Students show off engineering expertise in Agrobotics competition
DENISON, Texas — More than 50 students from across North Texas convened in Denison Sunday afternoon for a competition combining agriculture with robotics.
Each team in the Texoma Exposition and Livestock Show's "Agrobotics" event creates and programs a robot that can accomplish certain tasks representing the challenges of growing food on the moon.
The hope is that Agrobotics will encourage the FFA and 4-H students to start thinking about what technology could do for their farms.
"With them learning on a simple robot that they've programmed and they've built, it's giving them that expertise where maybe they're not going to be that engineer, but maybe they are going to go back to their family farm, and how are they going to move that farm into the future?" asked Tamra McGaughy, the Grayson County 4-H coordinator.

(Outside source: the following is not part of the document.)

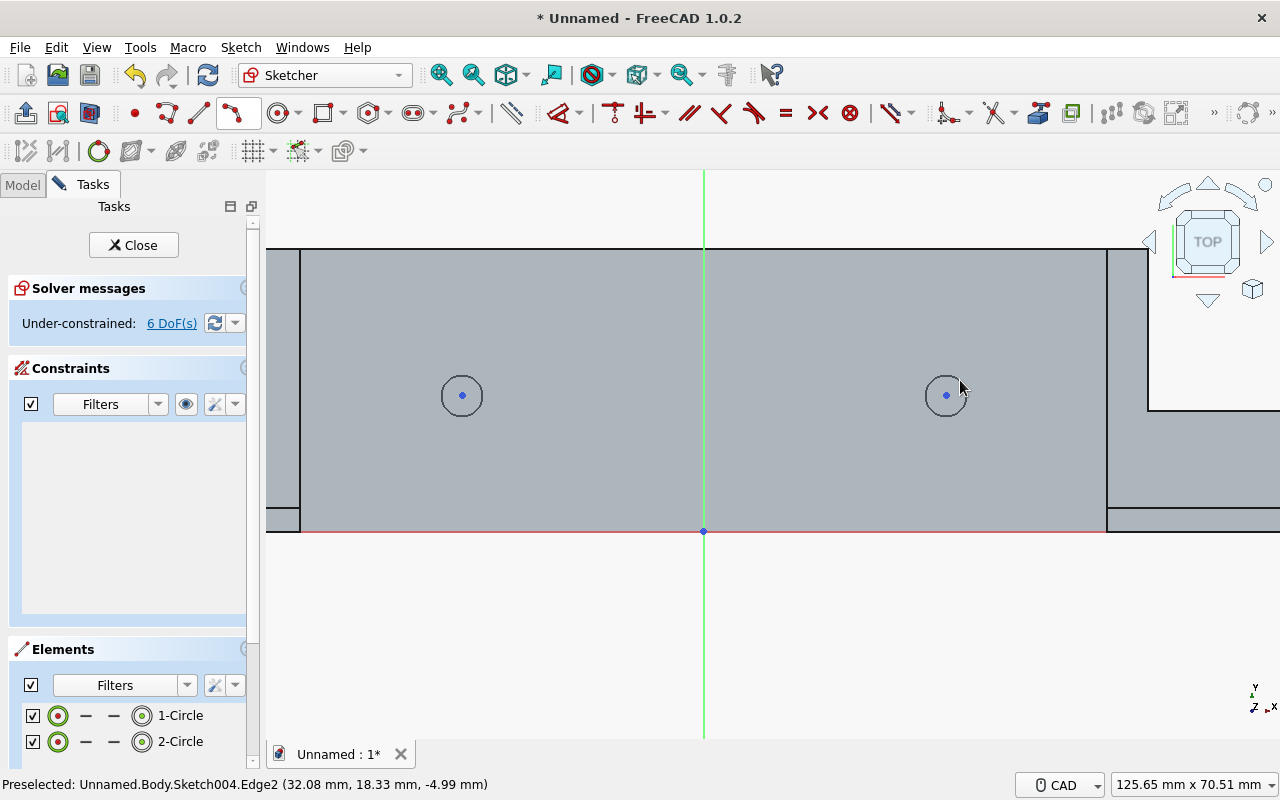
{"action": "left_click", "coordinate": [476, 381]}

The competitors have worked on their bots since the beginning of the school year. Their coaches could help during the season, but on competition day, any last-minute troubleshooting is up to the youngsters.

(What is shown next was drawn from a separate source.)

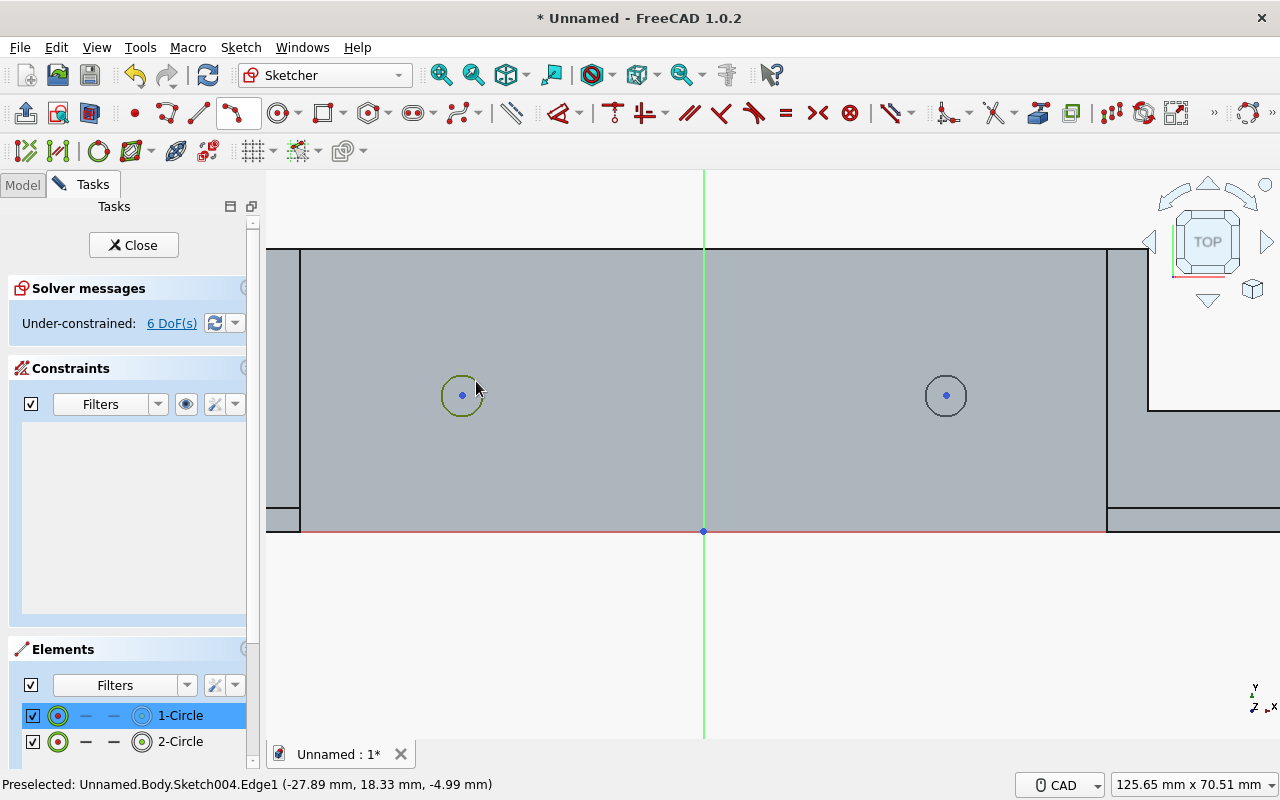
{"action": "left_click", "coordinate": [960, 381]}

"We ended up tearing our whole robot apart and we came up with better ideas than the last one," said Bryce Cain, part of the Whitesboro ISD team "Moon Cruisers."

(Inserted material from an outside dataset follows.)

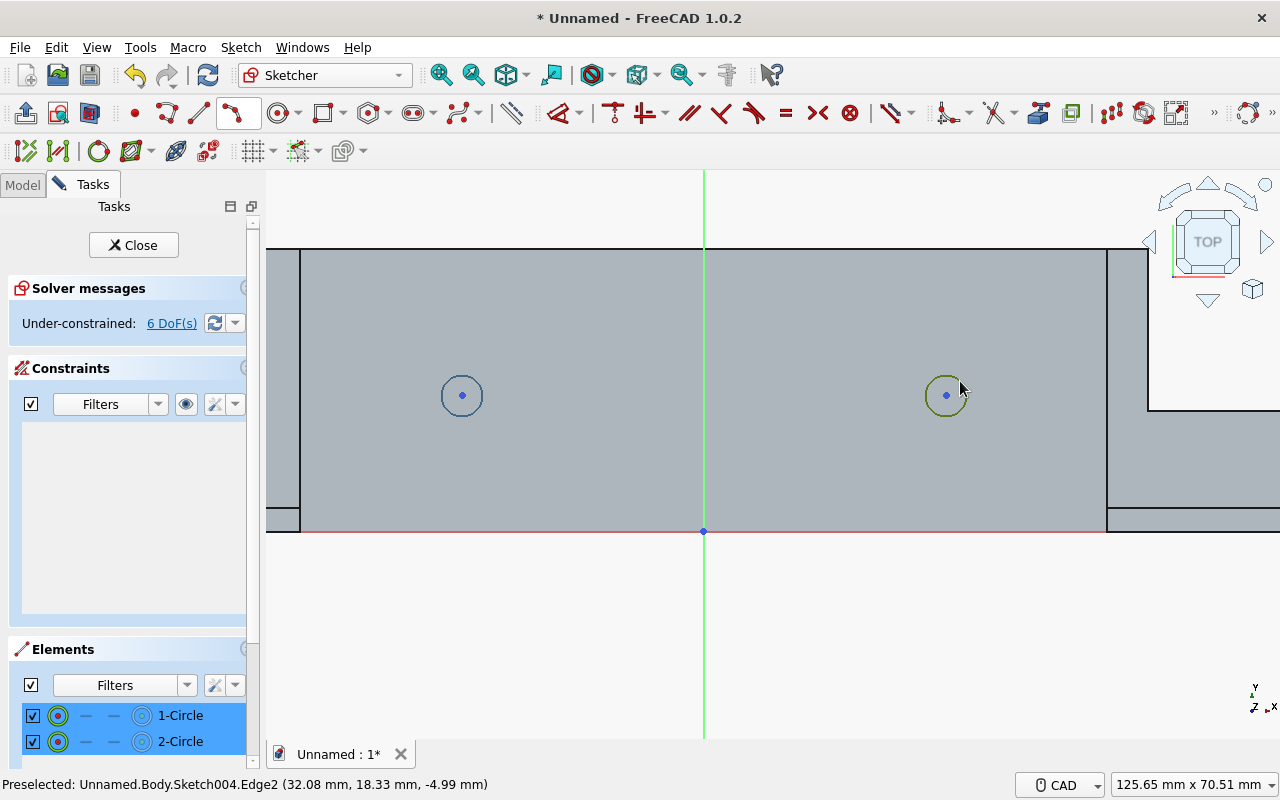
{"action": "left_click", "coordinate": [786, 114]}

Some students did come away from the event with aspirations for careers in STEM.
"I'm thinking of actually programming as a job in the future, because my dad's a programmer, and I think it would just be cool to do this kind of stuff," said Ian Niles from the Whitesboro Middle School team "In Theory It Should Work."
The competition was divided into three age groups, with one champion each. Whitesboro Intermediate School's team "Yoda Cats" won the junior division,
"In Theory It Should Work" took the intermediate prize, and team "Nutt Jobs" all the way from Erath County snagged the senior prize.